*Exercise brief*. Pictures stay out of the copy, and everything else in the data below is repeated exactly.

*Extracted records*.
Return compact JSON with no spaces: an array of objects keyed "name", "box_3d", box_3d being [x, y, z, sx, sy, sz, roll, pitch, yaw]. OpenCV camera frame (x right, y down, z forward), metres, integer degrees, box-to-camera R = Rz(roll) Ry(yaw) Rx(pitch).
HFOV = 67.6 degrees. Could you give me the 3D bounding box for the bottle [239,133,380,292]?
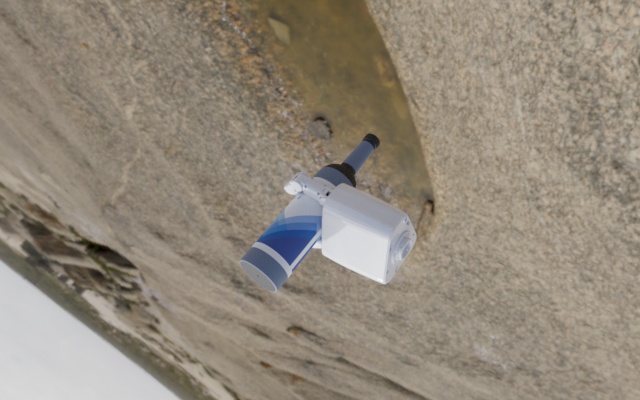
[{"name":"bottle","box_3d":[0.000,0.002,0.714,0.069,0.069,0.295,0,44,54]}]
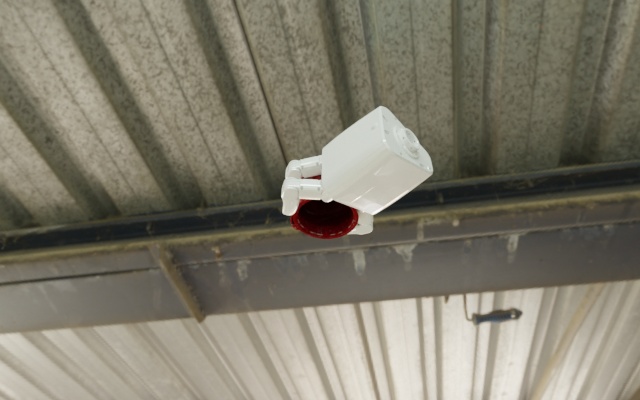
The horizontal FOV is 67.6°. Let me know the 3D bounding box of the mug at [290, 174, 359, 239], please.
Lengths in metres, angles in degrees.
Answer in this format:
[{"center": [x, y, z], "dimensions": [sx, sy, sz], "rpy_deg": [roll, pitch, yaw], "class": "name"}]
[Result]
[{"center": [-0.001, 0.003, 0.708], "dimensions": [0.093, 0.081, 0.117], "rpy_deg": [34, -52, -29], "class": "mug"}]
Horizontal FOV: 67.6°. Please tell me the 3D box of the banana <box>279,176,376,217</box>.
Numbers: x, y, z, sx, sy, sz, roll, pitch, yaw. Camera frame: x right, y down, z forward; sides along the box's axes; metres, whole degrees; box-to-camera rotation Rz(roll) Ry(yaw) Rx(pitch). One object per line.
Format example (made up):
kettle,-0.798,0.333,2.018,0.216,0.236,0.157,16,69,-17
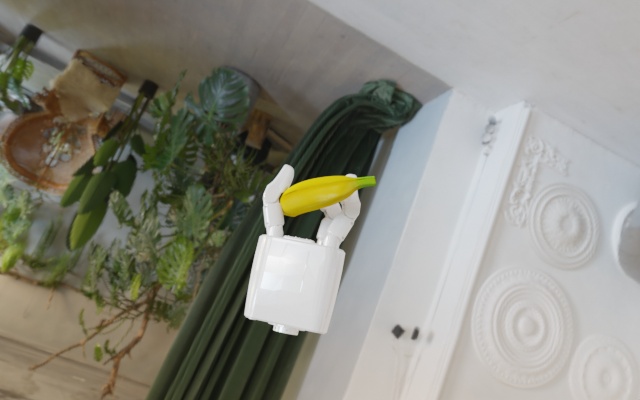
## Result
banana,-0.014,-0.001,0.617,0.069,0.037,0.198,9,-13,-31
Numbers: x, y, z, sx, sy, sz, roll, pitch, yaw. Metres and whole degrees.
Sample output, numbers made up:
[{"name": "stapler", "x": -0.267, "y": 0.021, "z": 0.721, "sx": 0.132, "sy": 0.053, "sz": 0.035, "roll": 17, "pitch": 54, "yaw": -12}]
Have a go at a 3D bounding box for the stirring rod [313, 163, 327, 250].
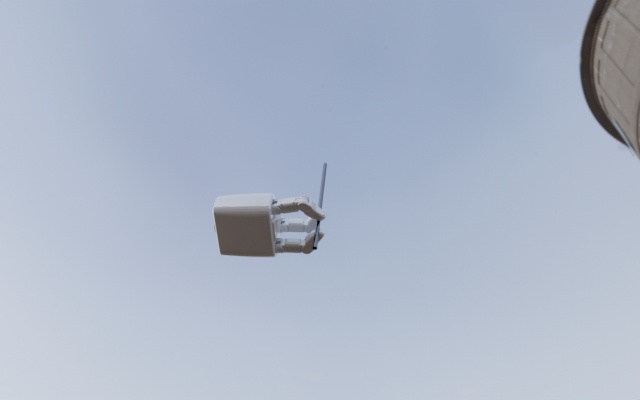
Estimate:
[{"name": "stirring rod", "x": 0.000, "y": 0.003, "z": 0.894, "sx": 0.011, "sy": 0.011, "sz": 0.239, "roll": 0, "pitch": 40, "yaw": 6}]
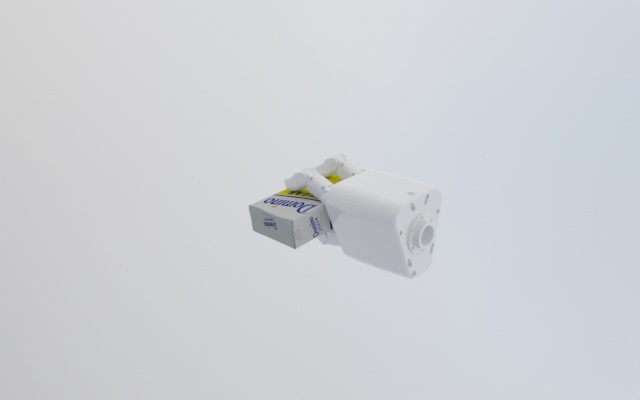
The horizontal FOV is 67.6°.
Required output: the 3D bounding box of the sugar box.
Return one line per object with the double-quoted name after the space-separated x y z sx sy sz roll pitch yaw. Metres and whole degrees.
0.000 0.002 0.654 0.176 0.048 0.093 -24 28 -38 "sugar box"
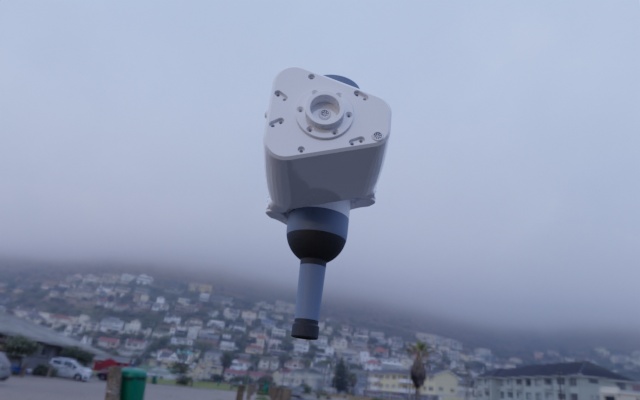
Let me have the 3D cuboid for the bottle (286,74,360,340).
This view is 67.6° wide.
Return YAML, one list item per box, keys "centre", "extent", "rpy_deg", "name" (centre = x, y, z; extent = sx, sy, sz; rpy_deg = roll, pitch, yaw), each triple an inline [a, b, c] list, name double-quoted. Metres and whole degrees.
- centre: [0.000, 0.002, 0.531]
  extent: [0.069, 0.295, 0.069]
  rpy_deg: [6, -21, 2]
  name: "bottle"
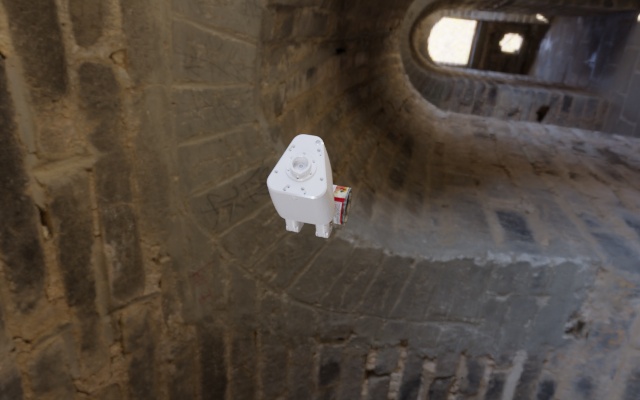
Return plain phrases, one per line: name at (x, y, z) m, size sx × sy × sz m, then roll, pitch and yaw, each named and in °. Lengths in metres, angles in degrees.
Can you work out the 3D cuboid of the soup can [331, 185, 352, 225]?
soup can at (0.000, 0.003, 0.860) m, size 0.102 × 0.068 × 0.068 m, roll 10°, pitch 2°, yaw 11°
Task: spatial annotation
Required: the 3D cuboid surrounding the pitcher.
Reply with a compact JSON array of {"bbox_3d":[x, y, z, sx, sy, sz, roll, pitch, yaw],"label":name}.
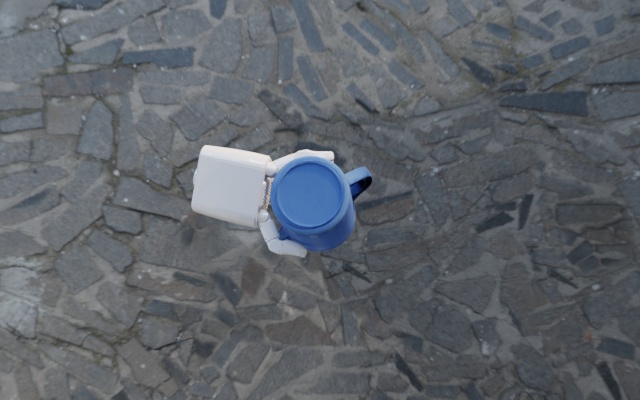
[{"bbox_3d":[0.000,0.002,0.744,0.145,0.149,0.243,13,-7,4],"label":"pitcher"}]
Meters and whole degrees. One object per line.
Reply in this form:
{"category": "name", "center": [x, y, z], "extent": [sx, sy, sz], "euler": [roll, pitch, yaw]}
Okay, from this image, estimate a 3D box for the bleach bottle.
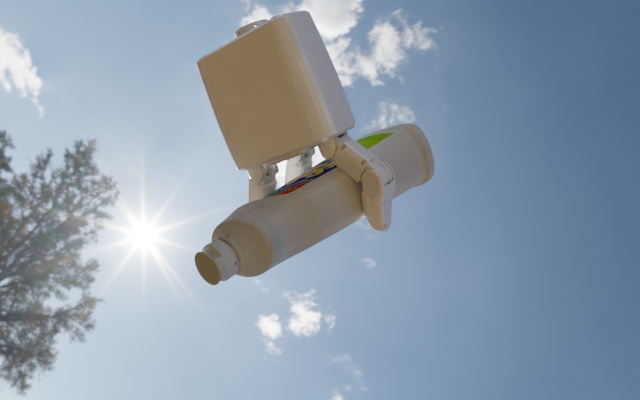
{"category": "bleach bottle", "center": [0.000, 0.001, 0.431], "extent": [0.102, 0.068, 0.250], "euler": [-10, 16, 45]}
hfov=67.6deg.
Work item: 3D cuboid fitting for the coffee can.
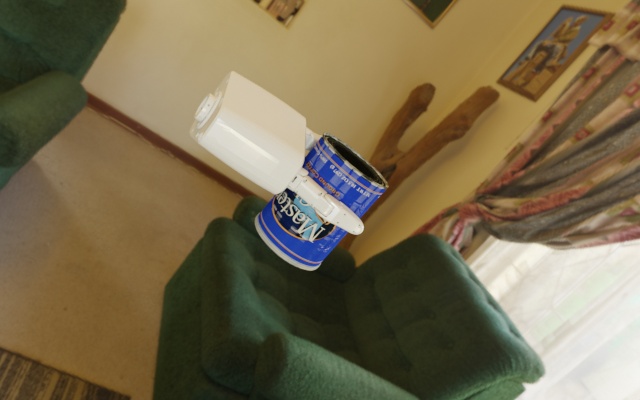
[{"bbox_3d":[0.000,0.002,0.595,0.103,0.140,0.102,37,16,-12],"label":"coffee can"}]
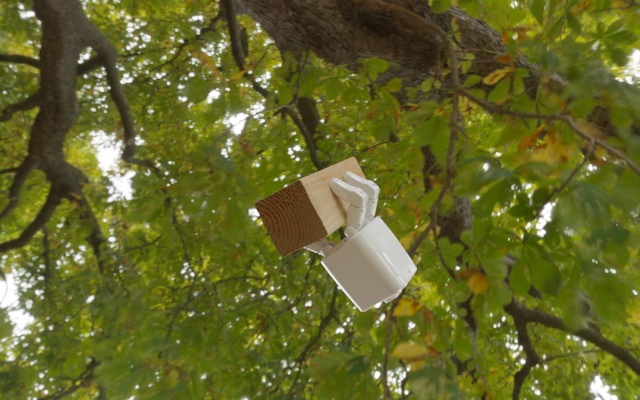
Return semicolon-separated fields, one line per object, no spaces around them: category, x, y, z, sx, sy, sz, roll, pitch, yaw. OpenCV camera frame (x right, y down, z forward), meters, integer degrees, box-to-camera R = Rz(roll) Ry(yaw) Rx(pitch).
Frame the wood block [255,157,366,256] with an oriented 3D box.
wood block;0.000;0.003;0.759;0.091;0.090;0.206;-27;1;28
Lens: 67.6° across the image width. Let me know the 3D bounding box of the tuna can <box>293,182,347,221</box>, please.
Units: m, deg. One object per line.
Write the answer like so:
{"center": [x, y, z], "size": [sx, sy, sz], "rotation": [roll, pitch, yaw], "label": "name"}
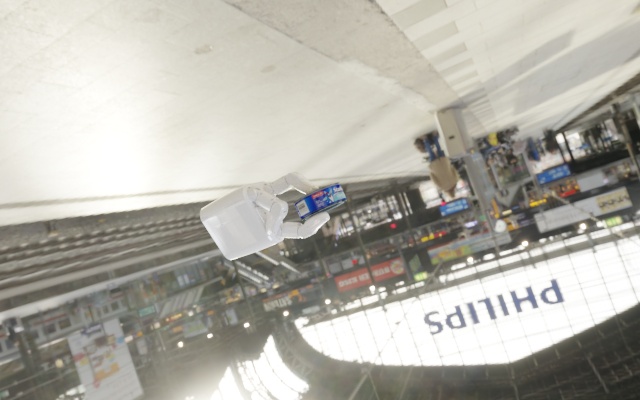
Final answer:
{"center": [0.000, 0.003, 0.805], "size": [0.086, 0.033, 0.086], "rotation": [-24, -6, -3], "label": "tuna can"}
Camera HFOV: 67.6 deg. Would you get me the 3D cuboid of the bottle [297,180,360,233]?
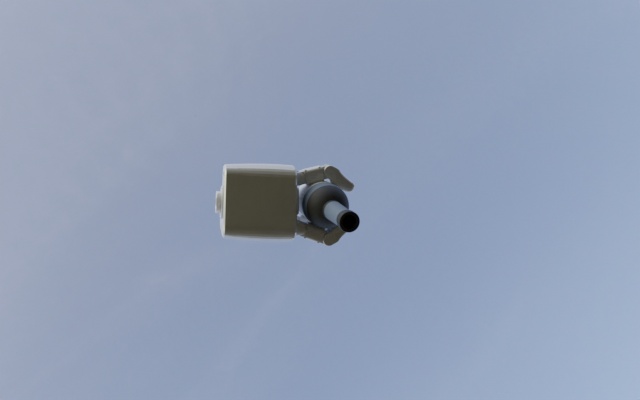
[{"bbox_3d":[0.000,0.002,0.739,0.069,0.069,0.295,0,10,-15],"label":"bottle"}]
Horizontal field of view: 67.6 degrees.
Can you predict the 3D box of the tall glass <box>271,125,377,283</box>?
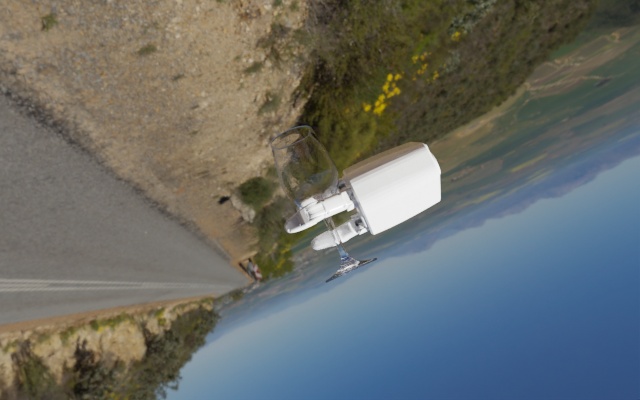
[{"bbox_3d":[0.000,0.003,0.635,0.079,0.201,0.079,-24,-10,-4],"label":"tall glass"}]
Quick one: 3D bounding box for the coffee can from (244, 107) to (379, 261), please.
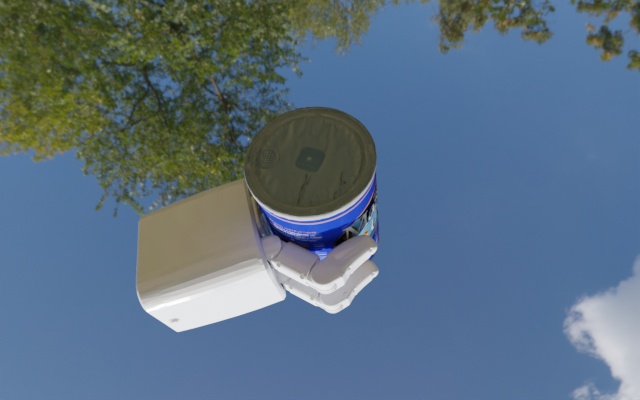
[{"bbox_3d":[0.000,0.001,0.424,0.103,0.102,0.140,0,-29,8],"label":"coffee can"}]
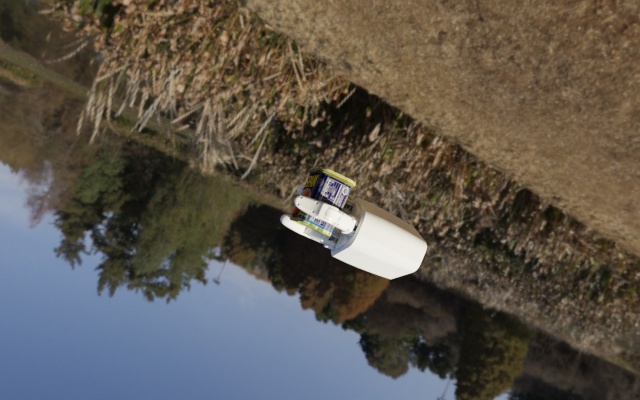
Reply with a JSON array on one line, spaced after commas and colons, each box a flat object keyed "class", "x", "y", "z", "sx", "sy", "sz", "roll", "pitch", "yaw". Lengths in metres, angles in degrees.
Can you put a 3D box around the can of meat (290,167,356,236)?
[{"class": "can of meat", "x": 0.000, "y": 0.003, "z": 0.702, "sx": 0.057, "sy": 0.084, "sz": 0.102, "roll": 25, "pitch": -5, "yaw": -13}]

*Task answer*.
Return compact JSON with no spaces: an array of objects keyed "name", "box_3d", box_3d being [x, y, z, sx, sy, sz, roll, pitch, yaw]. OpenCV camera frame (x right, y down, z forward), metres, integer degrees, box-to-camera R = Rz(roll) Ry(yaw) Rx(pitch).
HFOV = 67.6 degrees. Could you give me the 3D bounding box for the bottle [239,133,380,292]?
[{"name":"bottle","box_3d":[0.000,0.002,0.714,0.069,0.069,0.295,0,44,54]}]
The horizontal FOV is 67.6°. Let me know the 3D bounding box of the mug at [290, 174, 359, 239], please.
Lengths in metres, angles in degrees.
Answer in this format:
[{"center": [x, y, z], "dimensions": [sx, sy, sz], "rpy_deg": [roll, pitch, yaw], "class": "name"}]
[Result]
[{"center": [-0.001, 0.003, 0.708], "dimensions": [0.093, 0.081, 0.117], "rpy_deg": [34, -52, -29], "class": "mug"}]
Horizontal FOV: 67.6°. Please tell me the 3D box of the banana <box>279,176,376,217</box>.
Numbers: x, y, z, sx, sy, sz, roll, pitch, yaw. Camera frame: x right, y down, z forward; sides along the box's axes; metres, whole degrees; box-to-camera rotation Rz(roll) Ry(yaw) Rx(pitch). One object per line.
Format example (made up):
kettle,-0.798,0.333,2.018,0.216,0.236,0.157,16,69,-17
## Result
banana,-0.014,-0.001,0.617,0.069,0.037,0.198,9,-13,-31
Numbers: x, y, z, sx, sy, sz, roll, pitch, yaw. Metres and whole degrees.
Sample output, numbers made up:
[{"name": "stapler", "x": -0.267, "y": 0.021, "z": 0.721, "sx": 0.132, "sy": 0.053, "sz": 0.035, "roll": 17, "pitch": 54, "yaw": -12}]
Have a go at a 3D bounding box for the stirring rod [313, 163, 327, 250].
Estimate:
[{"name": "stirring rod", "x": 0.000, "y": 0.003, "z": 0.894, "sx": 0.011, "sy": 0.011, "sz": 0.239, "roll": 0, "pitch": 40, "yaw": 6}]
The horizontal FOV is 67.6°.
Required output: the 3D bounding box of the sugar box.
Return one line per object with the double-quoted name after the space-separated x y z sx sy sz roll pitch yaw. Metres and whole degrees.
0.000 0.002 0.654 0.176 0.048 0.093 -24 28 -38 "sugar box"
Let me have the 3D cuboid for the bottle (286,74,360,340).
This view is 67.6° wide.
Return YAML, one list item per box, keys "centre", "extent", "rpy_deg", "name" (centre = x, y, z; extent = sx, sy, sz; rpy_deg = roll, pitch, yaw), each triple an inline [a, b, c] list, name double-quoted. Metres and whole degrees.
- centre: [0.000, 0.002, 0.531]
  extent: [0.069, 0.295, 0.069]
  rpy_deg: [6, -21, 2]
  name: "bottle"
Return plain phrases, one per line: name at (x, y, z) m, size sx × sy × sz m, then roll, pitch and yaw, each named and in °. Lengths in metres, angles in degrees.
Can you work out the 3D cuboid of the soup can [331, 185, 352, 225]?
soup can at (0.000, 0.003, 0.860) m, size 0.102 × 0.068 × 0.068 m, roll 10°, pitch 2°, yaw 11°
Task: spatial annotation
Required: the 3D cuboid surrounding the pitcher.
Reply with a compact JSON array of {"bbox_3d":[x, y, z, sx, sy, sz, roll, pitch, yaw],"label":name}.
[{"bbox_3d":[0.000,0.002,0.744,0.145,0.149,0.243,13,-7,4],"label":"pitcher"}]
Meters and whole degrees. One object per line.
Reply in this form:
{"category": "name", "center": [x, y, z], "extent": [sx, sy, sz], "euler": [roll, pitch, yaw]}
Okay, from this image, estimate a 3D box for the bleach bottle.
{"category": "bleach bottle", "center": [0.000, 0.001, 0.431], "extent": [0.102, 0.068, 0.250], "euler": [-10, 16, 45]}
hfov=67.6deg.
Work item: 3D cuboid fitting for the coffee can.
[{"bbox_3d":[0.000,0.002,0.595,0.103,0.140,0.102,37,16,-12],"label":"coffee can"}]
Return semicolon-separated fields, one line per object, no spaces around them: category, x, y, z, sx, sy, sz, roll, pitch, yaw. OpenCV camera frame (x right, y down, z forward), meters, integer degrees, box-to-camera R = Rz(roll) Ry(yaw) Rx(pitch).
Frame the wood block [255,157,366,256] with an oriented 3D box.
wood block;0.000;0.003;0.759;0.091;0.090;0.206;-27;1;28
Lens: 67.6° across the image width. Let me know the 3D bounding box of the tuna can <box>293,182,347,221</box>, please.
Units: m, deg. One object per line.
Write the answer like so:
{"center": [x, y, z], "size": [sx, sy, sz], "rotation": [roll, pitch, yaw], "label": "name"}
Final answer:
{"center": [0.000, 0.003, 0.805], "size": [0.086, 0.033, 0.086], "rotation": [-24, -6, -3], "label": "tuna can"}
Camera HFOV: 67.6 deg. Would you get me the 3D cuboid of the bottle [297,180,360,233]?
[{"bbox_3d":[0.000,0.002,0.739,0.069,0.069,0.295,0,10,-15],"label":"bottle"}]
Horizontal field of view: 67.6 degrees.
Can you predict the 3D box of the tall glass <box>271,125,377,283</box>?
[{"bbox_3d":[0.000,0.003,0.635,0.079,0.201,0.079,-24,-10,-4],"label":"tall glass"}]
Quick one: 3D bounding box for the coffee can from (244, 107) to (379, 261), please.
[{"bbox_3d":[0.000,0.001,0.424,0.103,0.102,0.140,0,-29,8],"label":"coffee can"}]
Reply with a JSON array on one line, spaced after commas and colons, each box a flat object keyed "class", "x", "y", "z", "sx", "sy", "sz", "roll", "pitch", "yaw". Lengths in metres, angles in degrees.
Can you put a 3D box around the can of meat (290,167,356,236)?
[{"class": "can of meat", "x": 0.000, "y": 0.003, "z": 0.702, "sx": 0.057, "sy": 0.084, "sz": 0.102, "roll": 25, "pitch": -5, "yaw": -13}]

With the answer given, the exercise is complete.